Peggy
Guggenheim hayatı boyunca iki şey biriktirdi: Sanat eserleri ve erkekler. Venedik
Bienali sürerken, Venedik’le özdeşleşmiş olan başına buyruk koleksiyonerin tuhaf
ve renkli yaşamına dalıyoruz.
1940 senesinde, Picasso’nun Paris’teki atölyesini bir
kadın ziyaret eder. Bir süre kendisini görmezden geldikten sonra, Picasso kadının
yanına yaklaşır ve “İç çamaşırı departmanı ikinci katta hanımefendi” der. Almanların
Paris’i işgalinden önce her gün bir eser satın alan bu kadın, Peggy
Guggenheim’dan başkası değildir. Picasso ise tek bir cümleyle, o dönemde erkeklerin
egemenliğindeki sanat dünyasının kadına dair bakış açısını ortaya koyar. Onun
küçümseyen tavrına karşılık Guggenheim koleksiyonuna, Giacometti, Kandinsky,
Man Ray ve Léger gibi kayda değer sanatçıların işlerini çoktan eklemiş ve hatta
1938’de ilk galerisi Guggenheim Jeune’u Londra’da açmıştır bile. Akıl hocasının
Marcel Duchamp olduğunu, modern sanat hakkında tüm bildiklerini ondan
öğrendiğini söylemekten çekinmez. Out of This Century: Confessions of an Art
Addict (Bu Yüzyılın Dışında: Bir Sanat Müptelasının İtirafları) adlı
otobiyografik kitabında, “Marcel beni eğitmekle uğraştı. Onsuz ne yapardım
bilemiyorum.
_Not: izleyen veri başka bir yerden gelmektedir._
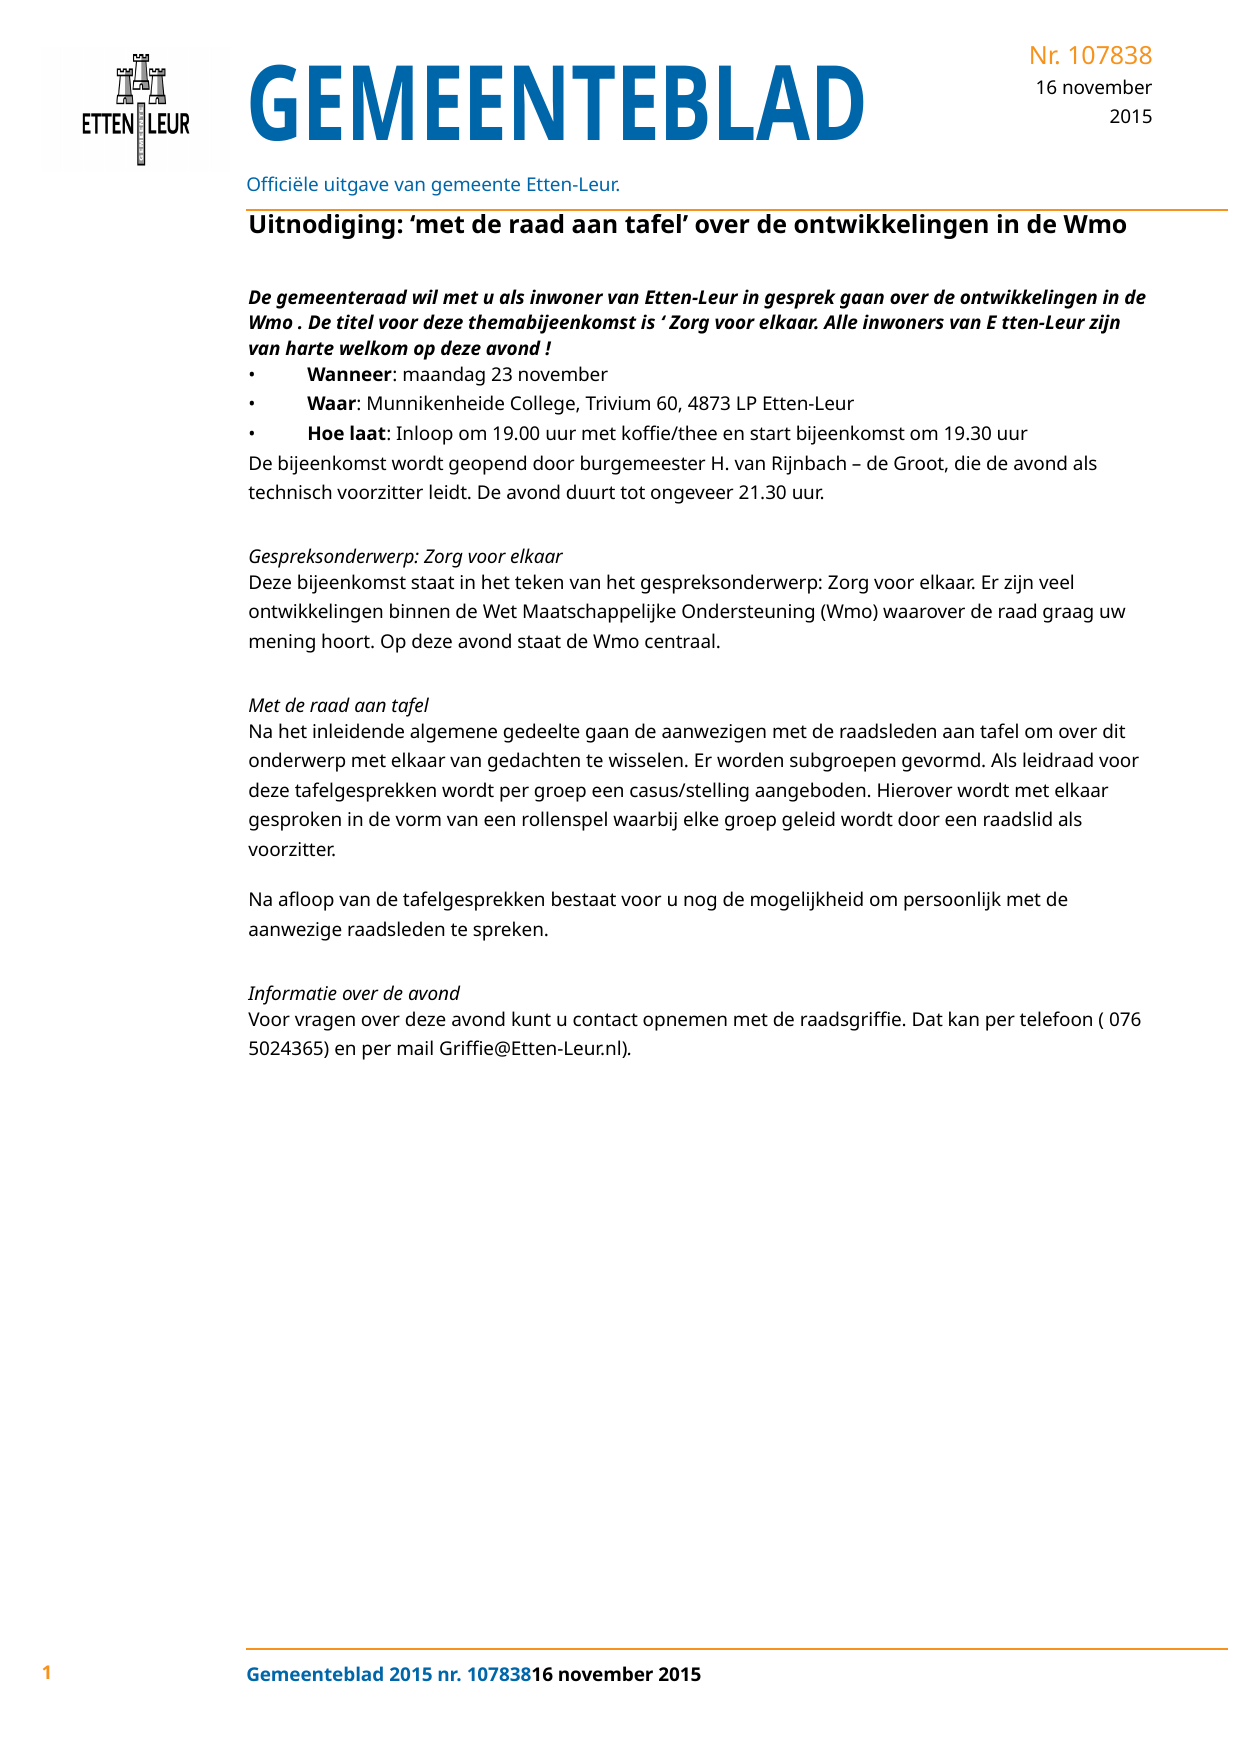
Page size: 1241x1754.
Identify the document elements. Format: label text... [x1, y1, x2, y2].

Her şeyden önce, soyut ve sürreal sanat akımları arasındaki farkı
bana o öğretti. Beni bütün sanatçılarla tanıştırdı. Modern sanat camiasına
girmemi sağladığı için ona müteşekkirim,” yazdı. Bu camiada, topladığı sanat
eserleri kadar yaşadığı aşk ilişkileriyle de hep parmakla gösterilen bir figür
oldu. Bir gazeteci kaç kocası olduğunu sorduğunda, “Benimkileri mi yoksa diğer
kadınların kocalarını mı kast ediyorsunuz?” diye yanıtladı. Otobiyografisinde aşk ve seks hayatını fütursuzca anlattığı,
hatta Samuel Beckett, Max Ernst ve Marcel Duchamp gibi ünlü sanatçılarla
ilişkilerini detaylıca ortaya döktüğü için nüfuzlu ailesinin tepkisini çekti.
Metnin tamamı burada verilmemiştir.